__EXERCISE__: An exact copy of every record, with no pictures, please.

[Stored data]
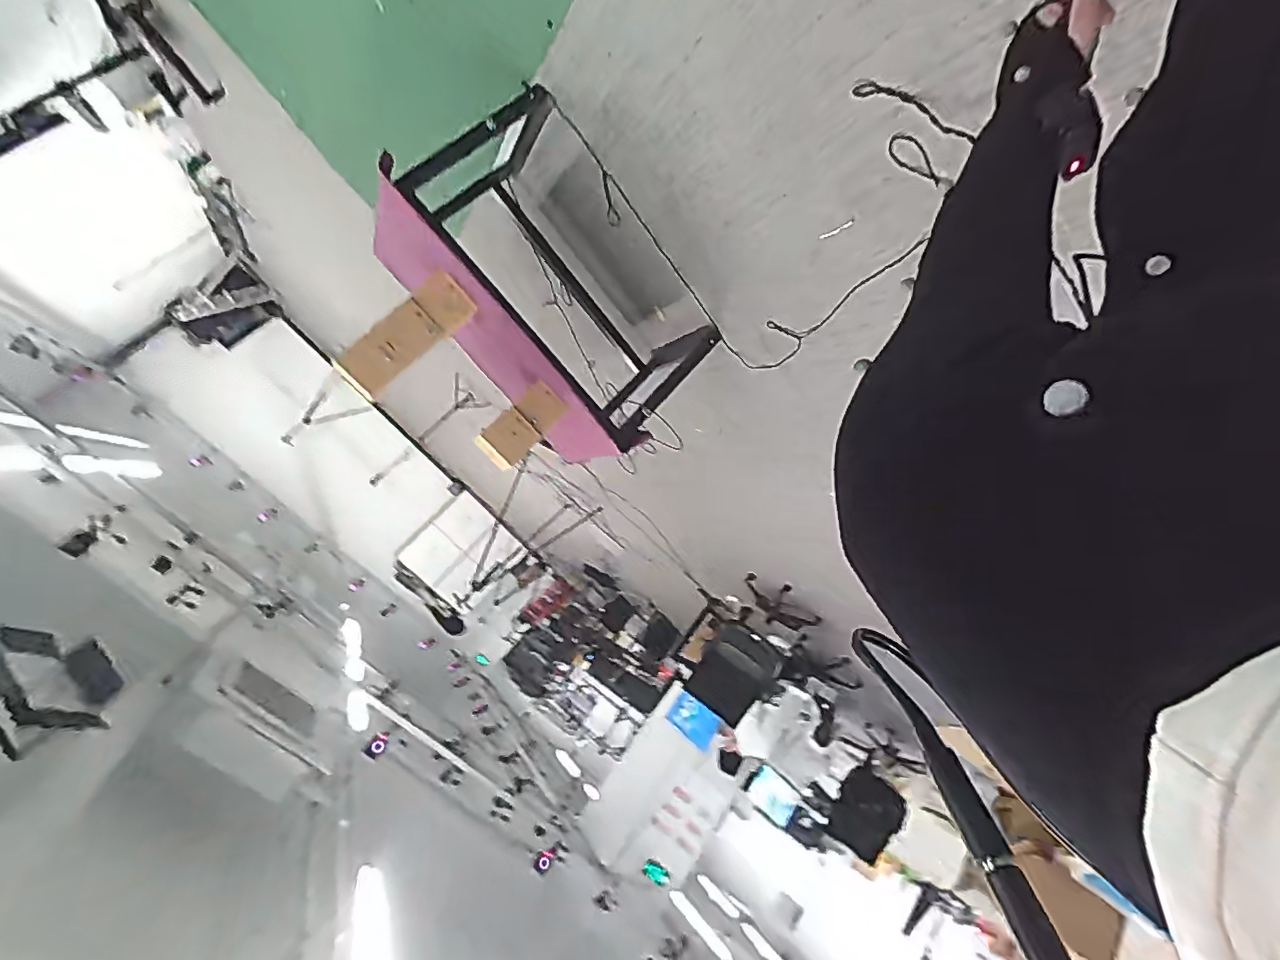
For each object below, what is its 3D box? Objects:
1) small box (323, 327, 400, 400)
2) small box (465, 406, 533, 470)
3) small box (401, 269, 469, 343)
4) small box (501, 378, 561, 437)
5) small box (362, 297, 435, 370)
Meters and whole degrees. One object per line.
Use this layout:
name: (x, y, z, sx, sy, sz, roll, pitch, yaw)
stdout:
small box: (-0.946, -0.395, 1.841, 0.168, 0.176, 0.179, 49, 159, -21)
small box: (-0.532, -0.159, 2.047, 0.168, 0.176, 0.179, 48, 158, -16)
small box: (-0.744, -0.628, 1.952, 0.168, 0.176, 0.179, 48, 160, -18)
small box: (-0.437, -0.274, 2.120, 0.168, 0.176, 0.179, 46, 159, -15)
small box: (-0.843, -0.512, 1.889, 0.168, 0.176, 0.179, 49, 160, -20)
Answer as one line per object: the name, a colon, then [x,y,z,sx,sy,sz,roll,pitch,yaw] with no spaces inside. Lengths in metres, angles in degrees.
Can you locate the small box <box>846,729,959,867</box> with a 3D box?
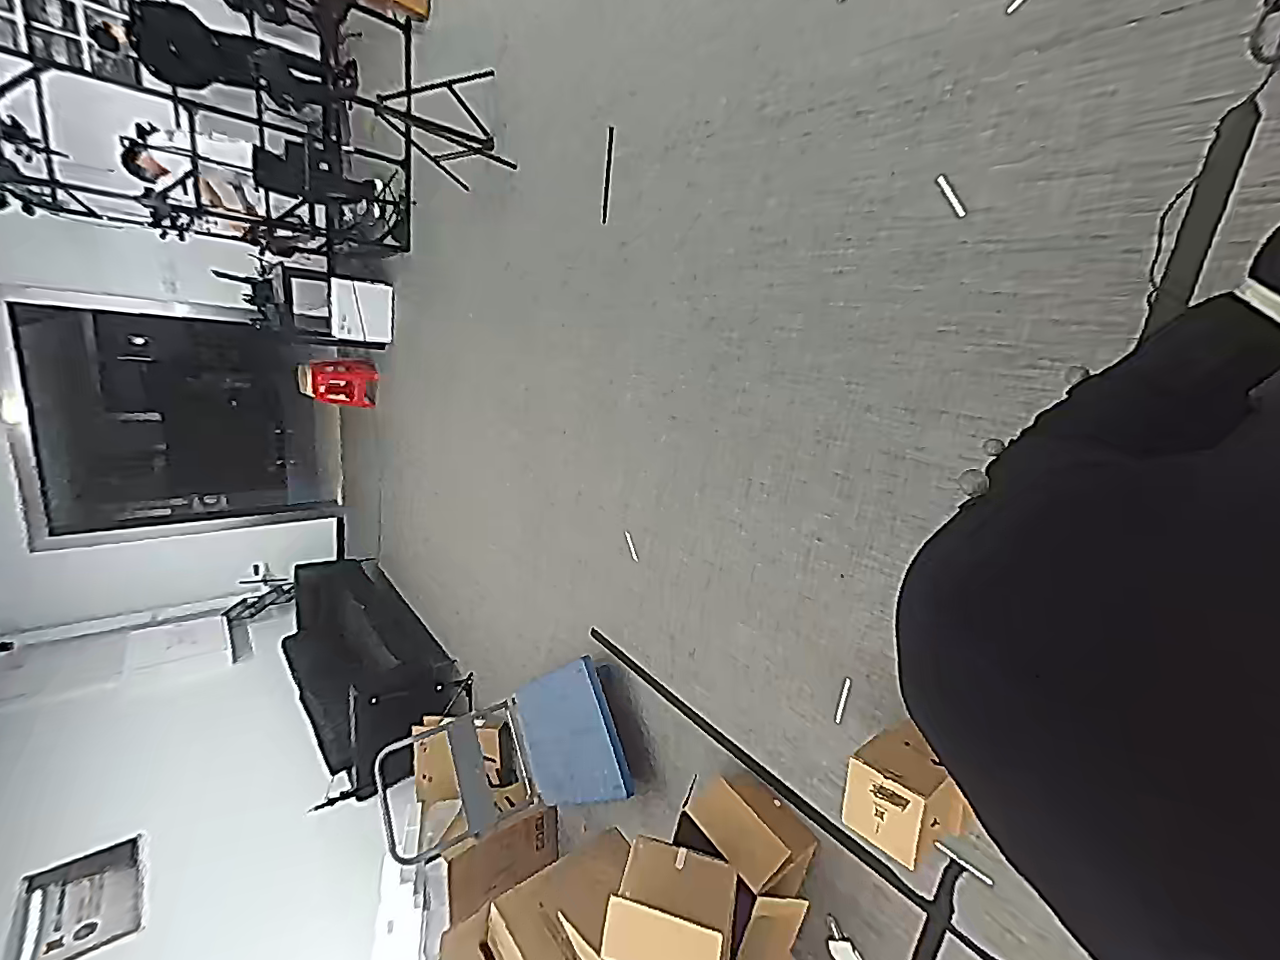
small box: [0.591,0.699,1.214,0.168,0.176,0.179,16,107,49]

__ANSWER FOR THIS EXERCISE__:
For each object below, what is its 3D box? Objects:
1) small box (323, 327, 400, 400)
2) small box (465, 406, 533, 470)
3) small box (401, 269, 469, 343)
4) small box (501, 378, 561, 437)
5) small box (362, 297, 435, 370)
Meters and whole degrees. One object per line.
Use this layout:
name: (x, y, z, sx, sy, sz, roll, pitch, yaw)
stdout:
small box: (-0.946, -0.395, 1.841, 0.168, 0.176, 0.179, 49, 159, -21)
small box: (-0.532, -0.159, 2.047, 0.168, 0.176, 0.179, 48, 158, -16)
small box: (-0.744, -0.628, 1.952, 0.168, 0.176, 0.179, 48, 160, -18)
small box: (-0.437, -0.274, 2.120, 0.168, 0.176, 0.179, 46, 159, -15)
small box: (-0.843, -0.512, 1.889, 0.168, 0.176, 0.179, 49, 160, -20)
Answer as one line per object: the name, a colon, then [x,y,z,sx,sy,sz,roll,pitch,yaw] with no spaces inside. Lengths in metres, angles in degrees.
Can you locate the small box <box>846,729,959,867</box> with a 3D box?
small box: [0.591,0.699,1.214,0.168,0.176,0.179,16,107,49]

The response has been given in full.